##### RECORDS FOR THE TASK
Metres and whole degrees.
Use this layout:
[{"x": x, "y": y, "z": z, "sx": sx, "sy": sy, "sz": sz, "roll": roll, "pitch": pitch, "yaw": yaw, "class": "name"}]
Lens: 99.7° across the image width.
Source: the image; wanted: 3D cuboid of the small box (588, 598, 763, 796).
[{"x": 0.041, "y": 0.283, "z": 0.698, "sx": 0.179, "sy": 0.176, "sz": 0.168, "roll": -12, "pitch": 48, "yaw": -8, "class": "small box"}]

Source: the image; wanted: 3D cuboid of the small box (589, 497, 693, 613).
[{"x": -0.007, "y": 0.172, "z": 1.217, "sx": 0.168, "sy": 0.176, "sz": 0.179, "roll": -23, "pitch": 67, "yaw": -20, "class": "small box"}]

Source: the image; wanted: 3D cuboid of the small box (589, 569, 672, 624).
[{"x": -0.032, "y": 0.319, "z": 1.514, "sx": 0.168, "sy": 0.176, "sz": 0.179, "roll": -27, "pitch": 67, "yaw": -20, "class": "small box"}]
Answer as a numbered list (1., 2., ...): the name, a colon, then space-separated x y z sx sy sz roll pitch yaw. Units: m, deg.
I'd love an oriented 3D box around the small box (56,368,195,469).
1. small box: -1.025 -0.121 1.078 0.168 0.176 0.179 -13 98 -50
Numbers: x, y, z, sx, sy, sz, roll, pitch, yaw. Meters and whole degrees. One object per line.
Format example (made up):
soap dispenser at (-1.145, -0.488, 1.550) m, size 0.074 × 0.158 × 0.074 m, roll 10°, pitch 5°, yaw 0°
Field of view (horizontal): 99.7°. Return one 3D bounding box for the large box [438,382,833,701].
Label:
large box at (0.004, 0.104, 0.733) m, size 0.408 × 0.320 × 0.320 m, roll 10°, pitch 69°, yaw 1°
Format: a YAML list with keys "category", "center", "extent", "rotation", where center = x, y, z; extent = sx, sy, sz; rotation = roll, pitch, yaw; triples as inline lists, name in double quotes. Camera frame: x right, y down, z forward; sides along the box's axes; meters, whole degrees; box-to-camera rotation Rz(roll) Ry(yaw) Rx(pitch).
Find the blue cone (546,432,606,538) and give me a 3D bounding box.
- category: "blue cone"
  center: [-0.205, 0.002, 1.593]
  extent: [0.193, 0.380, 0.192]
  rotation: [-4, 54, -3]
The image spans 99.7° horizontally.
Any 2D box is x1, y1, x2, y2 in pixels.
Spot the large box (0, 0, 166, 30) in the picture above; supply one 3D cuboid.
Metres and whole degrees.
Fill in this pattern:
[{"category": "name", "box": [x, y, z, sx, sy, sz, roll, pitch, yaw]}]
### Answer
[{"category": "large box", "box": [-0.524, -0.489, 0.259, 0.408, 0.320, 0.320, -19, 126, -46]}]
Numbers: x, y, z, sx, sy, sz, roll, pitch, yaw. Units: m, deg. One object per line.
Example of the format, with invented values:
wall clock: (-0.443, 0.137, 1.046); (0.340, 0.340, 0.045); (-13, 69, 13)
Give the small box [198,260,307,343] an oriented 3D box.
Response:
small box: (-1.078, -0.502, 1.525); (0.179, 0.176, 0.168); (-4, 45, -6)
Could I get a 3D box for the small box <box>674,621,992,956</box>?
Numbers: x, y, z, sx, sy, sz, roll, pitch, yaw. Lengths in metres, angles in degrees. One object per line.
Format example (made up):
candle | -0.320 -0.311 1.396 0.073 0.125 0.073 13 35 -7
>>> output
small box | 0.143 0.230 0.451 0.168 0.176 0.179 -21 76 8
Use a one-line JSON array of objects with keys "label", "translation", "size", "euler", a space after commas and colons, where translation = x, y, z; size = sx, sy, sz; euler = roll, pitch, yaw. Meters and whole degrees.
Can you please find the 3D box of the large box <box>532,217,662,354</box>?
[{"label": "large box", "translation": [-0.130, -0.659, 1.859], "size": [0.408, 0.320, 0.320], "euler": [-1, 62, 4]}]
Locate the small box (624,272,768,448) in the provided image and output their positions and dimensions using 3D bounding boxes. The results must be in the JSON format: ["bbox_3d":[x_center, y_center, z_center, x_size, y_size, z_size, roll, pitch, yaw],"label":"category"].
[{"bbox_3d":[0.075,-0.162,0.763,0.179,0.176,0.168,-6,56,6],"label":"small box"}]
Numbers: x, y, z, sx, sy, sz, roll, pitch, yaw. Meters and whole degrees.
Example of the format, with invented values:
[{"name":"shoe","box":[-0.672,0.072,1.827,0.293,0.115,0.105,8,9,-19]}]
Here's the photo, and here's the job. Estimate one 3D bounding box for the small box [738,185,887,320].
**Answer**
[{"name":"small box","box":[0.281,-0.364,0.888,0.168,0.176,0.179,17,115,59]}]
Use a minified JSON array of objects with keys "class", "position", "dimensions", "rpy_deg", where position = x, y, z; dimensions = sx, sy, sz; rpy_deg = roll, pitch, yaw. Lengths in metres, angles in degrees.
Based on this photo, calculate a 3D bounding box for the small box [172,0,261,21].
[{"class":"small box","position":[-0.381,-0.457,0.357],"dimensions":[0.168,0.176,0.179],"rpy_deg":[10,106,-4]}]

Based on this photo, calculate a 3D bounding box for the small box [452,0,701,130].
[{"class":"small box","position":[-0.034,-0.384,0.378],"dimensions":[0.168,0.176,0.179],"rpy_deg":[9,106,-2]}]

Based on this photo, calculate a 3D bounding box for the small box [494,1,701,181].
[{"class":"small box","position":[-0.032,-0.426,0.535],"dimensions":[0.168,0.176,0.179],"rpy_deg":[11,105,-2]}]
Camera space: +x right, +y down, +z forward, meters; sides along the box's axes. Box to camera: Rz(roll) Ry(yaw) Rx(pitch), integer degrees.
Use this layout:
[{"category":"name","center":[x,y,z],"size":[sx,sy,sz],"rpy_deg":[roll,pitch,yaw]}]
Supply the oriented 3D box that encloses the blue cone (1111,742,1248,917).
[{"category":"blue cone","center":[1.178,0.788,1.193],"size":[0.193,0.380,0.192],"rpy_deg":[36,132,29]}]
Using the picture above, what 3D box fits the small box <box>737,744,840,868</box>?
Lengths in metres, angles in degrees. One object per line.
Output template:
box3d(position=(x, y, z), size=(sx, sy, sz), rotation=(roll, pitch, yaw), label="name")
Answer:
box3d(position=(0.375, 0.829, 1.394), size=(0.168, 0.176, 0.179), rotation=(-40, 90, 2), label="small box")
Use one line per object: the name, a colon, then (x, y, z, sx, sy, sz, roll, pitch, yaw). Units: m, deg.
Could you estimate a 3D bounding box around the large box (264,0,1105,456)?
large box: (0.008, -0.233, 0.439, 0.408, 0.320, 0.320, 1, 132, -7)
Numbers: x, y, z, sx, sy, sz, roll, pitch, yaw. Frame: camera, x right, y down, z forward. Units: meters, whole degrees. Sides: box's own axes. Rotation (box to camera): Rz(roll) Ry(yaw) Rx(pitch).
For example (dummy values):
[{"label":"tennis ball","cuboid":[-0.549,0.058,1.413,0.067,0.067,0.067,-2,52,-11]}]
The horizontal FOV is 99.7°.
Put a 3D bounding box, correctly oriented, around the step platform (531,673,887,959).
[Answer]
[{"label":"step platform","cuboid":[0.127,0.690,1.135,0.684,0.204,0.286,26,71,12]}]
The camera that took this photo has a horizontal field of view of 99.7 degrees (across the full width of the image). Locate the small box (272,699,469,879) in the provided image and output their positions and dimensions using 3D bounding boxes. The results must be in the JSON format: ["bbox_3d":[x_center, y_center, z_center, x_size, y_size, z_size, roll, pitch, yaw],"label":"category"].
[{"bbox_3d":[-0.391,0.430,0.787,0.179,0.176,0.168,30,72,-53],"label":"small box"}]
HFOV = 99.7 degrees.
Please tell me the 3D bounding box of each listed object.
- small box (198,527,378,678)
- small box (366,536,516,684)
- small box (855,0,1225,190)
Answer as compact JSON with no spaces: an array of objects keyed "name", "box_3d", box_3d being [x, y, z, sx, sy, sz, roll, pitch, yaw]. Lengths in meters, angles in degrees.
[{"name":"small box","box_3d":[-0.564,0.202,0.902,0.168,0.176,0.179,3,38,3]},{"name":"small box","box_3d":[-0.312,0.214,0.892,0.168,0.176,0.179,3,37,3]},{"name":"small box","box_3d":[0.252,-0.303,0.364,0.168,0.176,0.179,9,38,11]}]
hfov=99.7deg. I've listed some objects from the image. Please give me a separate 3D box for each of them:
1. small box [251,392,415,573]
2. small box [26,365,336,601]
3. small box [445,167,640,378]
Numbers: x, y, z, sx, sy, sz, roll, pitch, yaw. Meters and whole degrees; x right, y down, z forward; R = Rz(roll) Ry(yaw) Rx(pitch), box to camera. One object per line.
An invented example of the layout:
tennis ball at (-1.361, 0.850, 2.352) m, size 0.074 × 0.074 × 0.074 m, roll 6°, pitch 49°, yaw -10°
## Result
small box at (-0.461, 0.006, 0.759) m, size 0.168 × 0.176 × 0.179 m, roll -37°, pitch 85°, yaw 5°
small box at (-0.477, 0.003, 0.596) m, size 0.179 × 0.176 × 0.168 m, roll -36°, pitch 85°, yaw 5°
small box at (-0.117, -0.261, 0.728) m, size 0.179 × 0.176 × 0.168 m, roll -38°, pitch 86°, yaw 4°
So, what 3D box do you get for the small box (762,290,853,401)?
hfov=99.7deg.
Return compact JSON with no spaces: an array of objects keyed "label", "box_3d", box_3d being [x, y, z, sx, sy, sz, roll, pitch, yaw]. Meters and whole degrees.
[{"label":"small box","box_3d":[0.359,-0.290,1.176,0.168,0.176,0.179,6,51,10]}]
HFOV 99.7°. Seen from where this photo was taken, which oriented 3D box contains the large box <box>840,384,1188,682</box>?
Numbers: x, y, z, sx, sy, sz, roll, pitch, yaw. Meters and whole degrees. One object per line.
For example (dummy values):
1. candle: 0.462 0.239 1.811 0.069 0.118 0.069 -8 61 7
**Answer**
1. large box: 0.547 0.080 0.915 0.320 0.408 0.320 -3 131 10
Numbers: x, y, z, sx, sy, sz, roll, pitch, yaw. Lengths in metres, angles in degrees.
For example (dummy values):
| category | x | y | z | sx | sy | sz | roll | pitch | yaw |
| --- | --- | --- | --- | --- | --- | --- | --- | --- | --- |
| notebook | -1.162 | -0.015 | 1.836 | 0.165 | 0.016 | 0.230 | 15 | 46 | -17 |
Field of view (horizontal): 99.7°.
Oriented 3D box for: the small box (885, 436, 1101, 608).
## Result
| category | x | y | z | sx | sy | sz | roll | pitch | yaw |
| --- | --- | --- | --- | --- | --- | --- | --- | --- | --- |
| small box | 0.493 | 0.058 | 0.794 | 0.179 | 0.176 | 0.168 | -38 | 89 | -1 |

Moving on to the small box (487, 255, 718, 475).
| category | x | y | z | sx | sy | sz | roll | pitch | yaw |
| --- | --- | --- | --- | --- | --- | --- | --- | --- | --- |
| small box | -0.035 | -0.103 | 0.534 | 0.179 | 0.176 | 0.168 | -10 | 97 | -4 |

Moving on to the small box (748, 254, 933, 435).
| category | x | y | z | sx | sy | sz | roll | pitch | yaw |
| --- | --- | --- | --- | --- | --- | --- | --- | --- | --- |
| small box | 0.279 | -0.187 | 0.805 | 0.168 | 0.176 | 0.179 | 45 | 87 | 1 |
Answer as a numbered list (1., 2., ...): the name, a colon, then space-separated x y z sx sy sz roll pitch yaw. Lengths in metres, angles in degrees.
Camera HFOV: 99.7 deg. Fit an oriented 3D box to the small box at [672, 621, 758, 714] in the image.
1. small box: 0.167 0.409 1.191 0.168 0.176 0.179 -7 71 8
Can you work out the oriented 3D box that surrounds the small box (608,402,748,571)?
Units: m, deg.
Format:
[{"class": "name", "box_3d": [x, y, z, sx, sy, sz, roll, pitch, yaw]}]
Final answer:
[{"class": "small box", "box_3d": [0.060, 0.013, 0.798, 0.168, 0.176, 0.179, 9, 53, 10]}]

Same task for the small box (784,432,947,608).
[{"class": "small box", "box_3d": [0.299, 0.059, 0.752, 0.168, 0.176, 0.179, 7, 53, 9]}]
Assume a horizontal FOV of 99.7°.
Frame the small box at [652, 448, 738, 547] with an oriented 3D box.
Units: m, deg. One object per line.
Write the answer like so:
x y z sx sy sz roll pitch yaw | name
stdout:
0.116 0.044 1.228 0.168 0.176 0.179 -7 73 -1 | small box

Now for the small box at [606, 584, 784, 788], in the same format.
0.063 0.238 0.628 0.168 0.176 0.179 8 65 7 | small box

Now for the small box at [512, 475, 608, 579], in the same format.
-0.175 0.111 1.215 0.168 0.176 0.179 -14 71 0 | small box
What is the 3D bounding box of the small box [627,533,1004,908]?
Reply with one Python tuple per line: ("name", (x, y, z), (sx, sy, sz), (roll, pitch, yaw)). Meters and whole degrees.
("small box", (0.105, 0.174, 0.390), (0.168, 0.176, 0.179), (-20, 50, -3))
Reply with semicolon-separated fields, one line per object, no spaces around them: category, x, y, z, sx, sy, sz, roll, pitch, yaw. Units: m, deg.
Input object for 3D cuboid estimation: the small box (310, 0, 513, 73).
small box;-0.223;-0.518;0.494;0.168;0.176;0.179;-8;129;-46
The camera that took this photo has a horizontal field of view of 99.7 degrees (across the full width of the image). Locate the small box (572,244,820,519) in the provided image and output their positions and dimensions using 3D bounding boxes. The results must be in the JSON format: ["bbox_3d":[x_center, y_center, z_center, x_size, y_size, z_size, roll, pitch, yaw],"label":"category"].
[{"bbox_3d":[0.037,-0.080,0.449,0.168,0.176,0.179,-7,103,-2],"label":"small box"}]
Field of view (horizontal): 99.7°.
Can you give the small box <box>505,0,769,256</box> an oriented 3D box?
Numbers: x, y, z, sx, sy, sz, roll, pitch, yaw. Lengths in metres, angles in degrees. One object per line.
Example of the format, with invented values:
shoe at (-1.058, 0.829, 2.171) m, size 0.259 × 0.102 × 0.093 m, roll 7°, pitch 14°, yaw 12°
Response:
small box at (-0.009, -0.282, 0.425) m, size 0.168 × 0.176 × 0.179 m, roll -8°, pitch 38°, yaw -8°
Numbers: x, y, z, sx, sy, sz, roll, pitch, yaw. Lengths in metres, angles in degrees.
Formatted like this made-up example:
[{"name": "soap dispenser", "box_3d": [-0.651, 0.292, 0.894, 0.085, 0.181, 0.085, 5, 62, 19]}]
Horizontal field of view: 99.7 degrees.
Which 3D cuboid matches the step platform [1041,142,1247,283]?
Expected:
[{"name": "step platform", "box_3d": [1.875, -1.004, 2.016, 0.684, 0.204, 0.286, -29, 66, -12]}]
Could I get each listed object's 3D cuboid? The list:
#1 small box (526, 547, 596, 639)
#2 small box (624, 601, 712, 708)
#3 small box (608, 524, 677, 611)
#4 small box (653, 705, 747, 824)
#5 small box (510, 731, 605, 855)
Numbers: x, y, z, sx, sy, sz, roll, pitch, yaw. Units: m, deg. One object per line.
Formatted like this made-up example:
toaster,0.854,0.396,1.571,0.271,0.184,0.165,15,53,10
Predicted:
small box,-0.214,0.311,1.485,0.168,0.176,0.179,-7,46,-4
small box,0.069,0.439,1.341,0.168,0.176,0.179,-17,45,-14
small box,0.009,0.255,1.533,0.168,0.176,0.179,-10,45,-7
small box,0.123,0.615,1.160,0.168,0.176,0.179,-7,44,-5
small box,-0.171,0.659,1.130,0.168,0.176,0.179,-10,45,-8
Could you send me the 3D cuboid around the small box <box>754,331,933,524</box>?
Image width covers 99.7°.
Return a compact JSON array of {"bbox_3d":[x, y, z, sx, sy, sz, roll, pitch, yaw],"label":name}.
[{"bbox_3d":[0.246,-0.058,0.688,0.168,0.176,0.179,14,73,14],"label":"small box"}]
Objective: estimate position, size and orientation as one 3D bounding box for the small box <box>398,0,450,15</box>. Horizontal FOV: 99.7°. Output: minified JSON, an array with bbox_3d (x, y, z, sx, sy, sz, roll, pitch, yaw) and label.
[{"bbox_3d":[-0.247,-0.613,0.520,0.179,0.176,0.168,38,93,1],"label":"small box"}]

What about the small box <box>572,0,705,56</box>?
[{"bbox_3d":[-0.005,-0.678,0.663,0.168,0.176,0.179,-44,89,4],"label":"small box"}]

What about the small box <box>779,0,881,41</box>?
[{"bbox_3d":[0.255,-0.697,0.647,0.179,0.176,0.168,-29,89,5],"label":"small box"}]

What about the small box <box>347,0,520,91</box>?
##########
# EXERCISE DETAILS
Working from the data above, extract solely the lines from the one containing "Please tell me" through the one containing "- small box (855,0,1225,190)", exactly as they appear, both included.

# RESPONSE
Please tell me the 3D bounding box of each listed object.
- small box (198,527,378,678)
- small box (366,536,516,684)
- small box (855,0,1225,190)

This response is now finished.